I am trying to learn some neural networks for fun. I decided to try to classify some pokemon legendary cards, from a data set from kaggle. I read up on documentations and followed machine learning mastery guides, while reading up on medium to try to understand the process.
My problem/ question : i tried predicting and everything is predicting "0". i assume that is false. is my 92% false accuracy? i read something about false accuracy online.
Some background information : the dataset has 800 rows, 12 columns. i am predicting the last column ( true/false). I am using attributes of the data that has numerical and categorical. i label encoded the numerical categories. 92% of these cards are False. 8% are true.
i sampled and ran a neural network on 200 cards, and got 91% accuracy... i also reset everything and got a 92% accuracy on all 800 cards. am i overfitting?
dataFrame = dataFrame.fillna(value='NaN')
labelencoder = LabelEncoder()
numpy_dataframe = dataFrame.as_matrix()
numpy_dataframe[:, 0] = labelencoder.fit_transform(numpy_dataframe[:, 0])
numpy_dataframe[:, 1] = labelencoder.fit_transform(numpy_dataframe[:, 1])

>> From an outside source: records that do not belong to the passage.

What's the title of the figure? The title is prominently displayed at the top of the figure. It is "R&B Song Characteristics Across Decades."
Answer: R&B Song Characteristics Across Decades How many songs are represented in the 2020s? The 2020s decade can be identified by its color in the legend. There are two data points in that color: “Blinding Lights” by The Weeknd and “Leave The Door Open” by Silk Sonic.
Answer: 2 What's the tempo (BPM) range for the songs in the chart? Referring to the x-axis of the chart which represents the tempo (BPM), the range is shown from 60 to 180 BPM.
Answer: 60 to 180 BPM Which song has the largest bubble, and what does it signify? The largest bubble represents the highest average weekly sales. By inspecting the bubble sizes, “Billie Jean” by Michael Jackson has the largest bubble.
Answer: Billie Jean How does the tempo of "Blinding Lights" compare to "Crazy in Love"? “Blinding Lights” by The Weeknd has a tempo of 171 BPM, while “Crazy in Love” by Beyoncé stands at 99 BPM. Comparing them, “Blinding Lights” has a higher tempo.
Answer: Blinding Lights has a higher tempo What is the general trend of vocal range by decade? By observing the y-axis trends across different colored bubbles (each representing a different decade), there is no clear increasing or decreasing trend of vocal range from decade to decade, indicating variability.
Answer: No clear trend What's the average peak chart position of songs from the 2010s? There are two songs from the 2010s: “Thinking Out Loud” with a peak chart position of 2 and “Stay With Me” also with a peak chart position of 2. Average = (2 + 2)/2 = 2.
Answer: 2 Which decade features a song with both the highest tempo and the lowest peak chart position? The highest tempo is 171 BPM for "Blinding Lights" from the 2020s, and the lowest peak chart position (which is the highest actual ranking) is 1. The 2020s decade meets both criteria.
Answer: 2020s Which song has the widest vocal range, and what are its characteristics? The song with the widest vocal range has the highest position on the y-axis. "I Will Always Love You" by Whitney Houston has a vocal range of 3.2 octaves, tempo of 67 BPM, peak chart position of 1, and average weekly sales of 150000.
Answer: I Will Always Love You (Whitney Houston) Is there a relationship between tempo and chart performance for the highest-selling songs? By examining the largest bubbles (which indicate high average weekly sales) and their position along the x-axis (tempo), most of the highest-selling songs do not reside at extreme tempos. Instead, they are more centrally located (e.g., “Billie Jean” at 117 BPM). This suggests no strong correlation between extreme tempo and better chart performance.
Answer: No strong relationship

X = numpy_dataframe[:,0:10]
Y = numpy_dataframe[:,10]
model = Sequential()
model.add(Dense(12, input_dim=10, activation='relu'))
model.add(Dense(8, activation='relu'))
model.add(Dense(1, activation='sigmoid'))
model.compile(loss='binary_crossentropy', optimizer='adam', metrics=['accuracy'])
model.fit(X, Y, epochs=150, batch_size=10)
scores = model.evaluate(X, Y)
print("\n%s: %.2f%%" % (model.metrics_names[1], scores[1]*100))
#this shows that we have 91.88% accuracy with the whole dataframe
dataFrame200False = dataFrame
dataFrame200False['Legendary'] = dataFrame200False['Legendary'].astype(str)
dataFrame200False= dataFrame200False[dataFrame200False['Legendary'].str.contains("False")]
dataFrame65True = dataFrame
dataFrame65True['Legendary'] = dataFrame65True['Legendary'].astype(str)
dataFrame65True= dataFrame65True[dataFrame65True['Legendary'].str.contains("True")]
DataFrameFalseSample = dataFrame200False.sample(200)
dataFrameSampledTrueFalse = dataFrame65True.append(DataFrameFalseSample, ignore_index=True)
#label encoding the files
labelencoder = LabelEncoder()
numpy_dataSample = dataFrameSampledTrueFalse.as_matrix()
numpy_dataSample[:, 0] = labelencoder.fit_transform(numpy_dataSample[:, 0])
numpy_dataSample[:, 1] = labelencoder.fit_transform(numpy_dataSample[:, 1])
a = numpy_dataframe[:,0:10]
b = numpy_dataframe[:,10]
model = Sequential()
model.add(Dense(12, input_dim=10, activation='relu'))
model.add(Dense(8, activation='relu'))
model.add(Dense(1, activation='sigmoid'))
model.compile(loss='binary_crossentropy', optimizer='adam', metrics=['accuracy'])
model.fit(a, b, epochs=1000, batch_size=10)
scoresSample = model.evaluate(a, b)
print("\n%s: %.2f%%" % (model.metrics_names[1], scoresSample[1]*100))
dataFramePredictSample = dataFrame.sample(500)
labelencoder = LabelEncoder()
numpy_dataframeSamples = dataFramePredictSample.as_matrix()
numpy_dataframeSamples[:, 0] = labelencoder.fit_transform(numpy_dataframeSamples[:, 0])
numpy_dataframeSamples[:, 1] = labelencoder.fit_transform(numpy_dataframeSamples[:, 1])
Xnew = numpy_dataframeSamples[:,0:10]
Ynew = numpy_dataframeSamples[:,10]
# make a prediction
Y = model.predict_classes(Xnew)
# show the inputs and predicted outputs
for i in range(len(Xnew)):
print("X=%s, Predicted=%s" % (Xnew[i], Y[i]))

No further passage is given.